Data >>

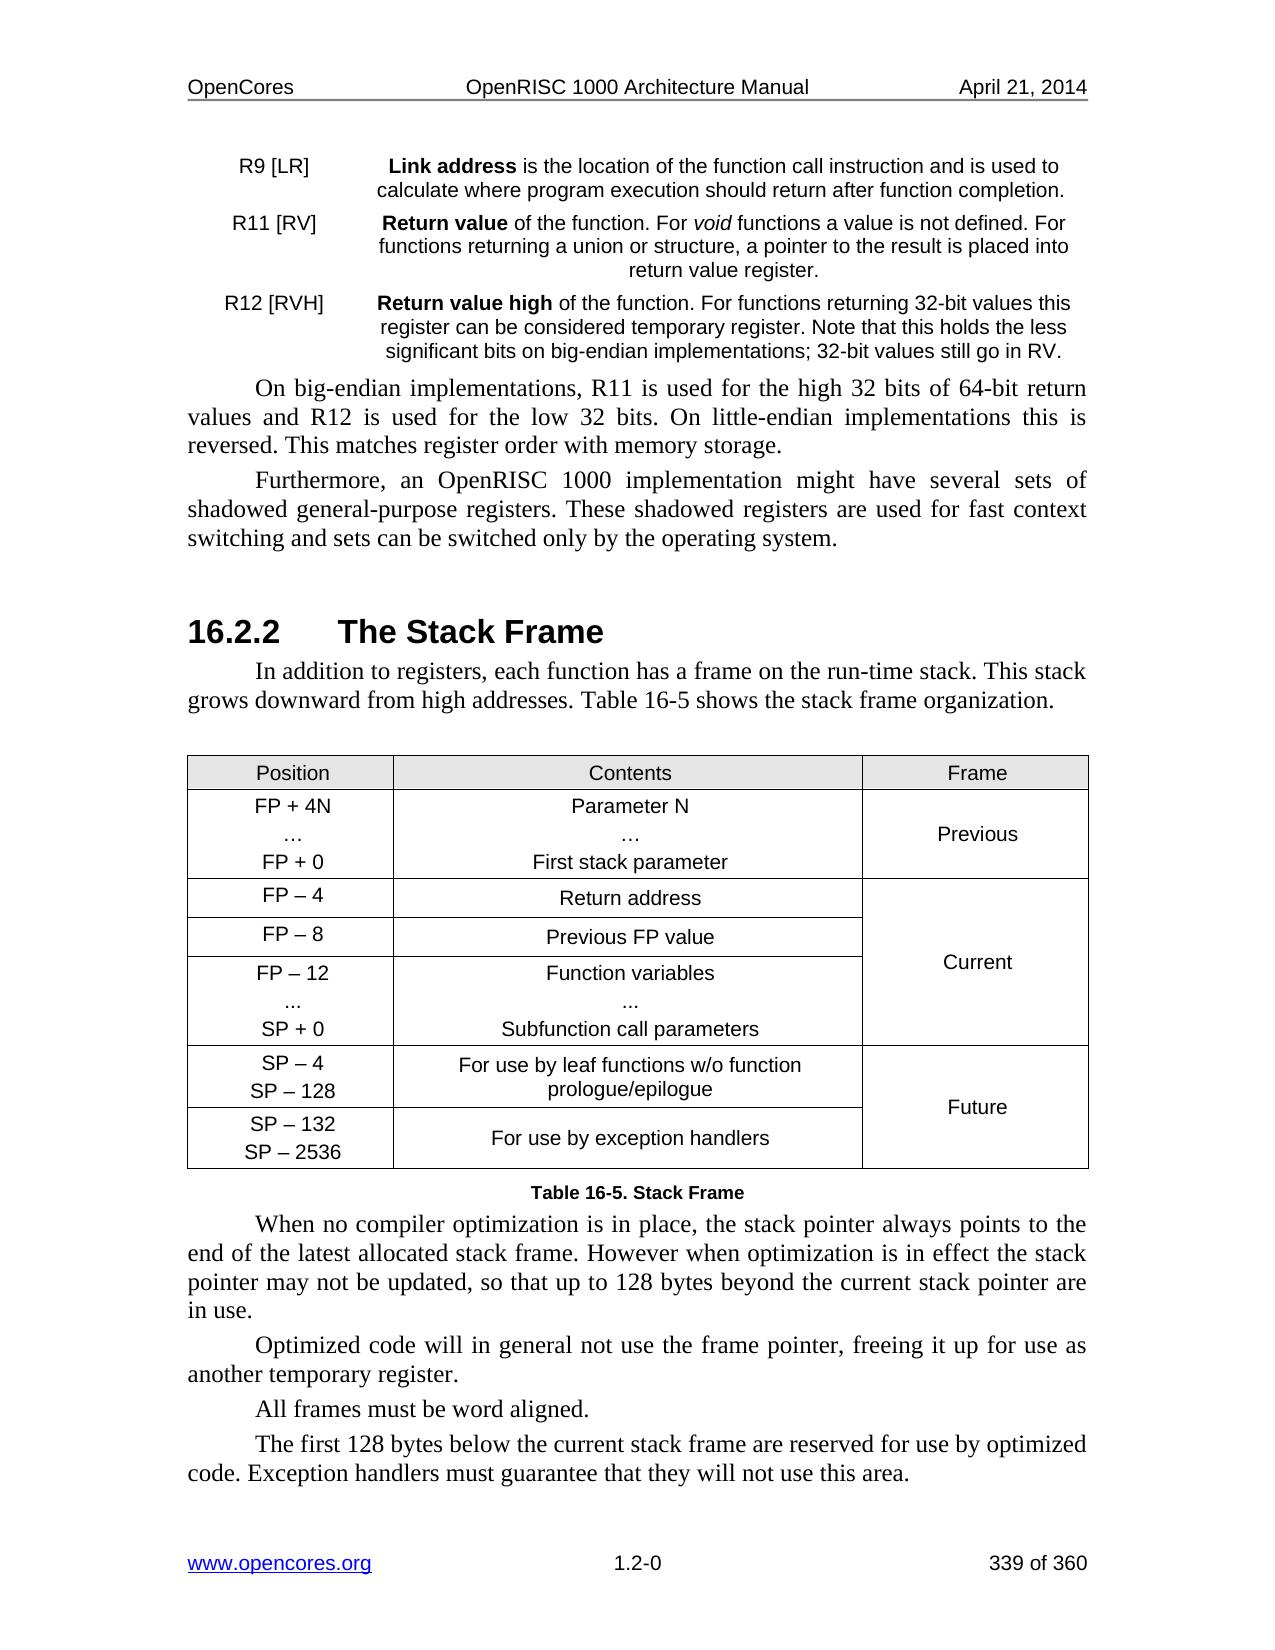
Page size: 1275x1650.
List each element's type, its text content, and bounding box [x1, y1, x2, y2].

table_header Contents [394, 756, 862, 788]
text All frames must be word aligned. [187, 1394, 1087, 1423]
table_cell R9 [LR] [188, 150, 356, 206]
table_header Frame [863, 756, 1088, 788]
table_cell FP – 8 [188, 918, 393, 956]
table_cell Previous [863, 790, 1088, 878]
table_cell Previous FP value [394, 918, 862, 956]
table_cell FP + 4N … FP + 0 [188, 790, 393, 878]
text When no compiler optimization is in place, the stack pointer always points to the end of the latest allocated stack frame. However when optimization is in effect the stack pointer may not be updated, so that up to 128 bytes beyond the current stack pointer are in use. [187, 1209, 1087, 1324]
subtitle The Stack Frame [187, 612, 1087, 650]
table_cell Function variables ... Subfunction call parameters [394, 957, 862, 1045]
table_cell R12 [RVH] [188, 286, 356, 367]
table_cell Current [863, 879, 1088, 1045]
table_cell Link address is the location of the function call instruction and is used to calculate where program execution should return after function completion. [356, 150, 1087, 206]
text In addition to registers, each function has a frame on the run-time stack. This stack grows downward from high addresses. Table 16-5 shows the stack frame organization. [187, 656, 1087, 714]
table_cell SP – 4 SP – 128 [188, 1046, 393, 1107]
table_cell R11 [RV] [188, 206, 356, 286]
table_cell SP – 132 SP – 2536 [188, 1108, 393, 1168]
table_cell FP – 4 [188, 879, 393, 917]
table_header Position [188, 756, 393, 788]
table_cell Return value high of the function. For functions returning 32-bit values this register can be considered temporary register. Note that this holds the less significant bits on big-endian implementations; 32-bit values still go in RV. [356, 286, 1087, 367]
text Optimized code will in general not use the frame pointer, freeing it up for use as another temporary register. [187, 1331, 1087, 1388]
table_cell For use by exception handlers [394, 1108, 862, 1168]
table_cell Return value of the function. For void functions a value is not defined. For functions returning a union or structure, a pointer to the result is placed into return value register. [356, 206, 1087, 286]
text On big-endian implementations, R11 is used for the high 32 bits of 64-bit return values and R12 is used for the low 32 bits. On little-endian implementations this is reversed. This matches register order with memory storage. [187, 373, 1087, 459]
table_cell Future [863, 1046, 1088, 1168]
text Table 16-5. Stack Frame [187, 1182, 1087, 1203]
table_cell Parameter N … First stack parameter [394, 790, 862, 878]
table_cell For use by leaf functions w/o function prologue/epilogue [394, 1046, 862, 1107]
table_cell Return address [394, 879, 862, 917]
text Furthermore, an OpenRISC 1000 implementation might have several sets of shadowed general-purpose registers. These shadowed registers are used for fast context switching and sets can be switched only by the operating system. [187, 465, 1087, 552]
text The first 128 bytes below the current stack frame are reserved for use by optimized code. Exception handlers must guarantee that they will not use this area. [187, 1429, 1087, 1487]
table_cell FP – 12 ... SP + 0 [188, 957, 393, 1045]
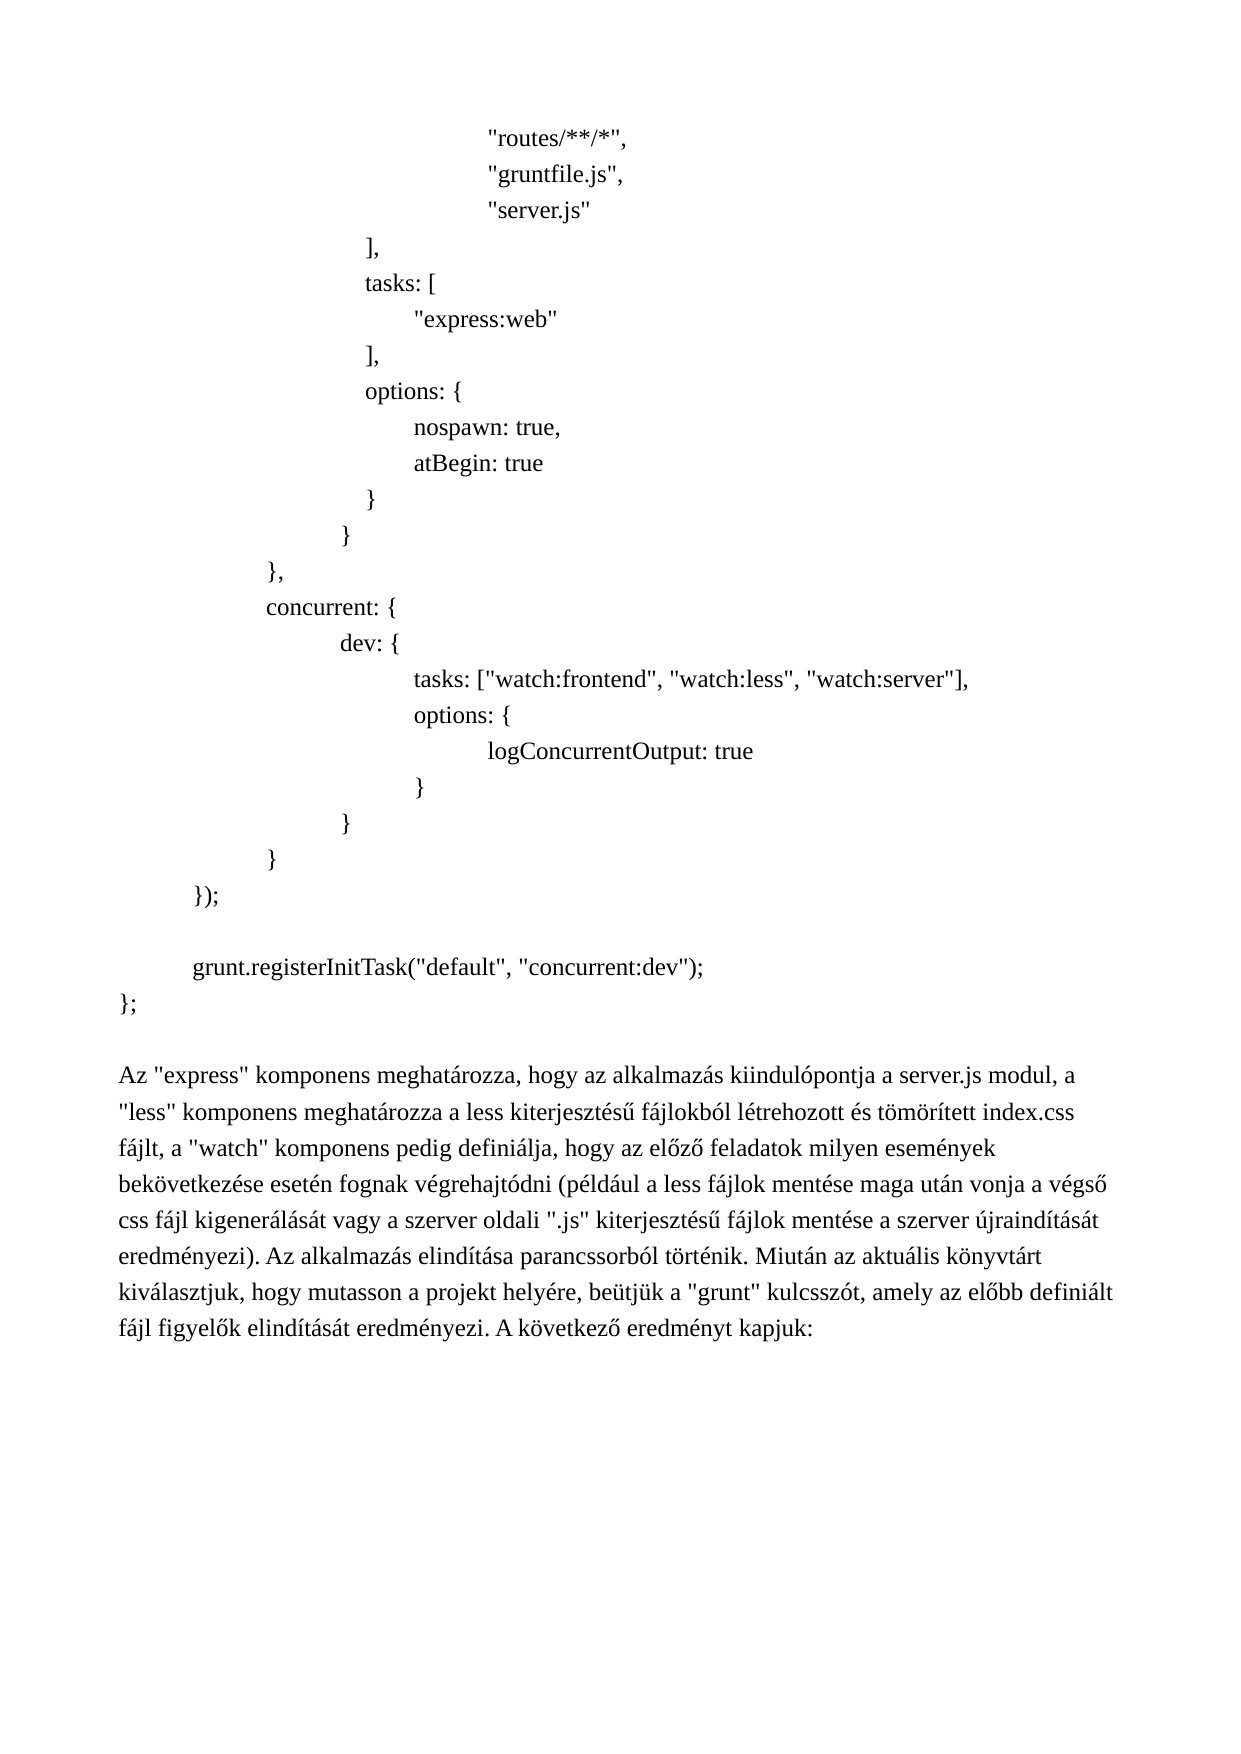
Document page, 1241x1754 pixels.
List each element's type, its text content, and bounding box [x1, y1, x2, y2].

text nospawn: true, [118, 406, 1122, 442]
text } [118, 839, 1122, 875]
text Az "express" komponens meghatározza, hogy az alkalmazás kiindulópontja a server.js modul, a "less" komponens meghatározza a less kiterjesztésű fájlokból létrehozott és tömörített index.css fájlt, a "watch" komponens pedig definiálja, hogy az előző feladatok milyen események bekövetkezése esetén fognak végrehajtódni (például a less fájlok mentése maga után vonja a végső css fájl kigenerálását vagy a szerver oldali ".js" kiterjesztésű fájlok mentése a szerver újraindítását eredményezi). Az alkalmazás elindítása parancssorból történik. Miután az aktuális könyvtárt kiválasztjuk, hogy mutasson a projekt helyére, beütjük a "grunt" kulcsszót, amely az előbb definiált fájl figyelők elindítását eredményezi. A következő eredményt kapjuk: [118, 1055, 1122, 1343]
text "server.js" [118, 190, 1122, 226]
text options: { [118, 370, 1122, 406]
text "gruntfile.js", [118, 154, 1122, 190]
text tasks: [ [118, 262, 1122, 298]
text "express:web" [118, 298, 1122, 334]
text } [118, 767, 1122, 803]
text } [118, 478, 1122, 514]
text } [118, 514, 1122, 551]
text logConcurrentOutput: true [118, 731, 1122, 767]
text }); [118, 875, 1122, 911]
text options: { [118, 695, 1122, 731]
text dev: { [118, 623, 1122, 659]
text ], [118, 334, 1122, 370]
text ], [118, 226, 1122, 262]
text grunt.registerInitTask("default", "concurrent:dev"); [118, 947, 1122, 983]
text }; [118, 983, 1122, 1019]
text atBegin: true [118, 442, 1122, 478]
text "routes/**/*", [118, 118, 1122, 154]
text tasks: ["watch:frontend", "watch:less", "watch:server"], [118, 659, 1122, 695]
text }, [118, 551, 1122, 587]
text concurrent: { [118, 587, 1122, 623]
text } [118, 803, 1122, 839]

Work to complete >>
Find the string "Previous" in the material above, and report every line where it occurs.

Solved problem >>
table_cell Previous [863, 790, 1088, 878]
table_cell Previous FP value [394, 918, 862, 956]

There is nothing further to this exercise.